The envelope of a television cathode ray tube comprises a glass funnel and a mating faceplate. The funnel has a neck within which is located an electron gun. The faceplate of the tube has a fluorescent screen on which is impressed a very high DC voltage -- typically in the range of 20-30 kilovolts or more.
Conductive coatings on the inside and outside of the funnel serve as a capacitor which filters the high voltage supplied to the screen. The inner conductive coating is at screen potential and also serves to transmit the screen voltage to the neck of the tube where it is applied to a high voltage anode electrode at the forward end of the electron gun.
The electron gun has for each electron beam a cathode and a series of closely spaced electrodes which shape, accelerate and focus the electron beam(s) generated in the gun. To accomplish these functions, the various electrodes require widely different electrical potentials. The large voltage difference established between certain high voltage and low voltage electrodes in the gun creates a susceptibility to arcing between the electrodes, e.g. should there exist particulate foreign matter in the inter-electrode space, a burr on an electrode, a misaligned or improperly spaced electrode, or the like. When the conditions for arcing are right, the high voltage filter capacitor, with its immense stored electrical energy, will in a few microseconds dump its stored charge, inducing transient currents in the associated receiver circuitry.
Because the instantaneous peak arc currents can reach hundreds of amperes in magnitude, great destruction can be wrought by such arcs. External circuitry can be damaged; internal gun parts can be eroded to the point of inoperability or severely reduced in their effectiveness. High arc currents are capable of sputtering electrode materials onto adjacent surfaces, resulting in the formation of electrical leakage paths. Further, arcing in a tube during its normal operation can result in a loud audible report which may be quite disturbing to a viewer.
In recent years, the design evolution of color picture tubes has taken a direction tending to exacerbate the arcing problem. The desire for greater picture brightness has driven the screen voltage inexorably upward toward and even beyond 30 kilovolts. A trend toward wider beam deflection angles and a desire to minimize power consumption have dictated the use of tubes with smaller neck diameters.
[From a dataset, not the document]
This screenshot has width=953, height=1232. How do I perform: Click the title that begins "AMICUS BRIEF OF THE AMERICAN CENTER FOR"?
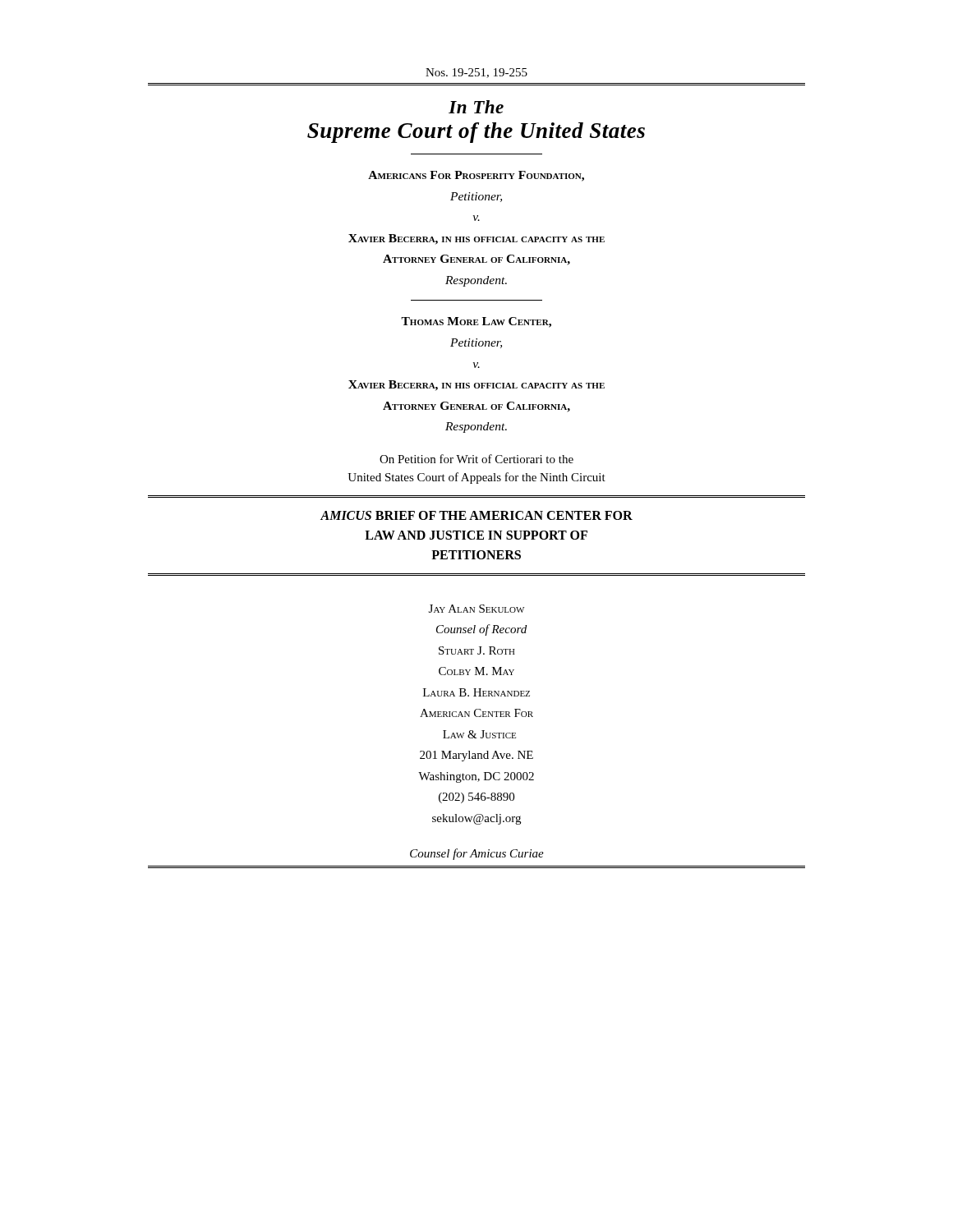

A small neck diameter implies a more closely confined environment for the electron gun, with the attendant increased probability of arcing between components of the electron gun assembly or between the gun assembly and the containing tube envelope.
In order to reduce tube arcing, it is routine today to design color tubes and electron gun assemblies with every effort to maximize intercomponent spacing, to minimize points of field concentration, and otherwise to configure the tube and gun structures to minimize the tendency of a tube to arc. After a tube receives its electron gun and the envelope is sealed, it is commonplace to "spot-knock" (high voltage condition) the gun. "Spot-knocking" is an operation wherein a pattern of fluctuating and constant voltages of high magnitude are applied to the tube to "knock" (remove) loose particles which may have lodged between gun electrodes, burrs on electrode parts, and other agents which might lead to arcing of the tube during its normal operation. Typically peak voltages during spot knocking are much higher than the screen operating voltage. Spark gaps, diodes, filters, gas discharge lamps, and other protective devices are commonly provided in the associated receiver (at significant cost) to protect receiver circuitry from damage by arc induced currents and voltages.
Television picture tube manufacturers have long attempted to develop an internal resistive element which would be coupled in series with the high voltage filter capacitor and the electron gun to suppress the magnitude of arc currents and thereby to overcome the potentially destructive effects of arcing in the tube during tube operation.
The requirements for such an internal resistance element are, however, extremely severe. Following are some of the requirements, not necessarily in their order of importance, of an internal resistive element for protecting a television picture tube against arcing.
Requirement 1. The resistive element must be compatible with the clean high vacuum environment inside a cathode ray tube. The element cannot emit gas which would significantly decrease the tube's vacuum level or impair the performance of the cathode in the electron gun assembly. The element cannot flake, erode, ablate, or otherwise generate particles which might block openings in a color selection electrode or lodge in a gap between gun electrodes.
Requirement 2. The resistive element must be compatible with the tube's fabrication processes. Perhaps the most severe of the fabrication processes are the high temperature cycles which a color tube is subjected to when the faceplate is sealed to the funnel and during exhausting (and sealing) of the tube. Temperatures may reach 430.degree. C. or higher during these high temperature operations.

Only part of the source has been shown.